Another problem is the theoretical nature of the project -- it didn't study actual actions but expectations. In the heady meritocracy of college life, where college students often develop an unreasonable sense of their own freedom from societal norms, young people's predictions about their future behavior might be just a tad unreliable. A similar college study might find that a large percentage of society is expecting to be novelists or visual artists -- but expectin' don't make it so. Or as one article put it, the study raises questions "about whether those promising to swim the deepest ocean for their beloved were big, fat liars."

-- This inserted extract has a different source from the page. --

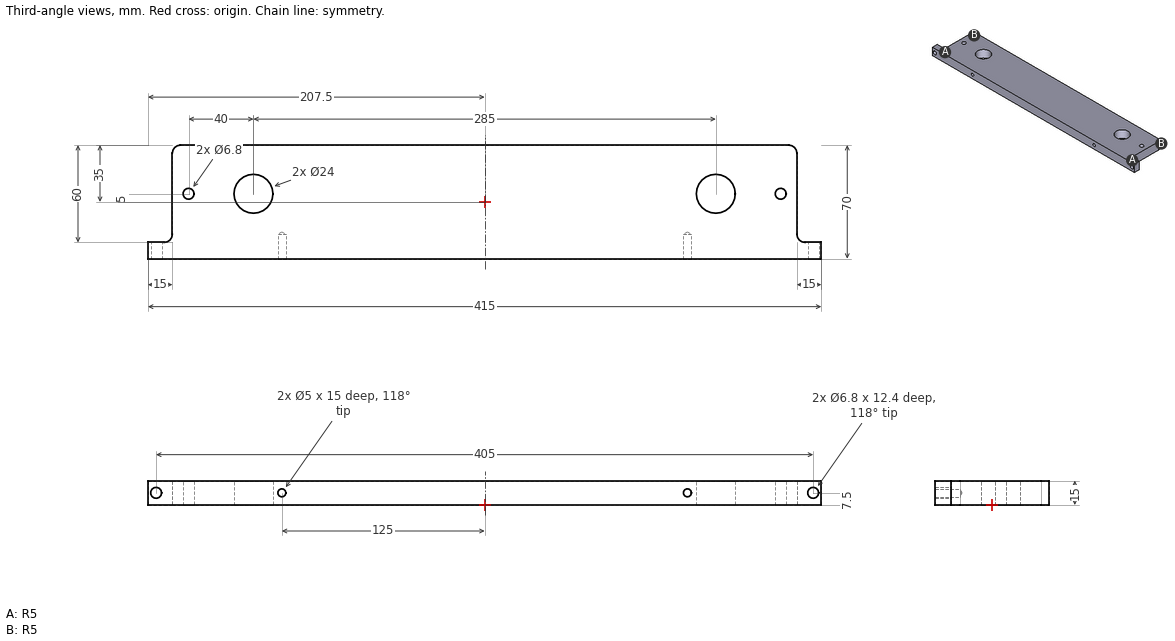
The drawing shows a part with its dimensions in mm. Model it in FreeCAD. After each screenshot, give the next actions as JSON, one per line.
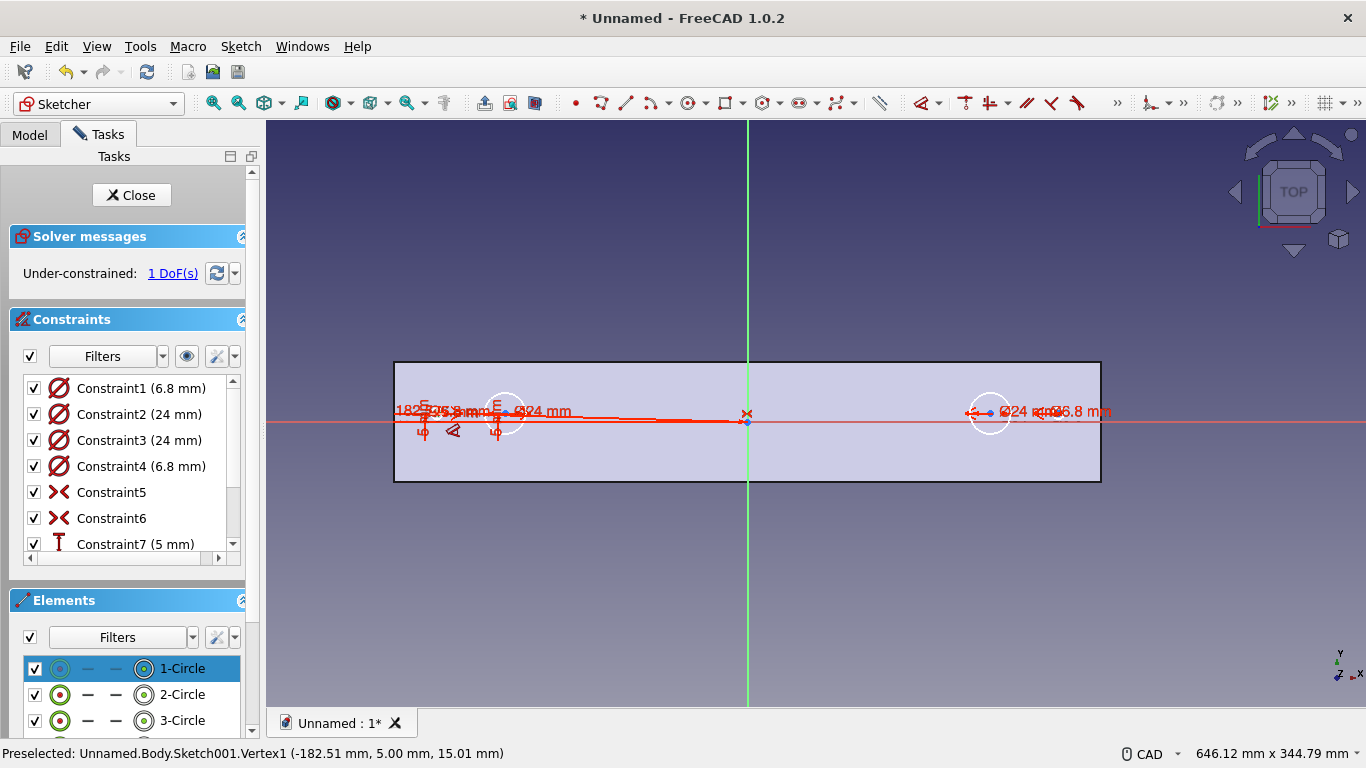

And although this is utterly speculative, I wonder if there's not an intrinsic problem with surveying men and women about career sacrifices even after they have happened. That women put love and family first is still such a prevailing norm -- especially after kids arrive -- that it's hard to think that men and women don't define the concept of sacrifice differently. Many otherwise feminist men I know feel they have sacrificed quite a bit by just having families at all. By the same token, plenty of my self-realized female friends don't seem to recognize the professional sacrifices they have made for their partners simply because those sacrifices were minor compared to those of their friends.
Finally, the facts of the wage gap suggest that even if these Romeos want to rush home early or go part-time or move to accommodate their ambitious Juliets, they may feel compelled to walk in their father's footprints and place their job above love. In this case, it may take more than desire to keep men from privileging their careers; it may take a woman with an alluringly fat paycheck.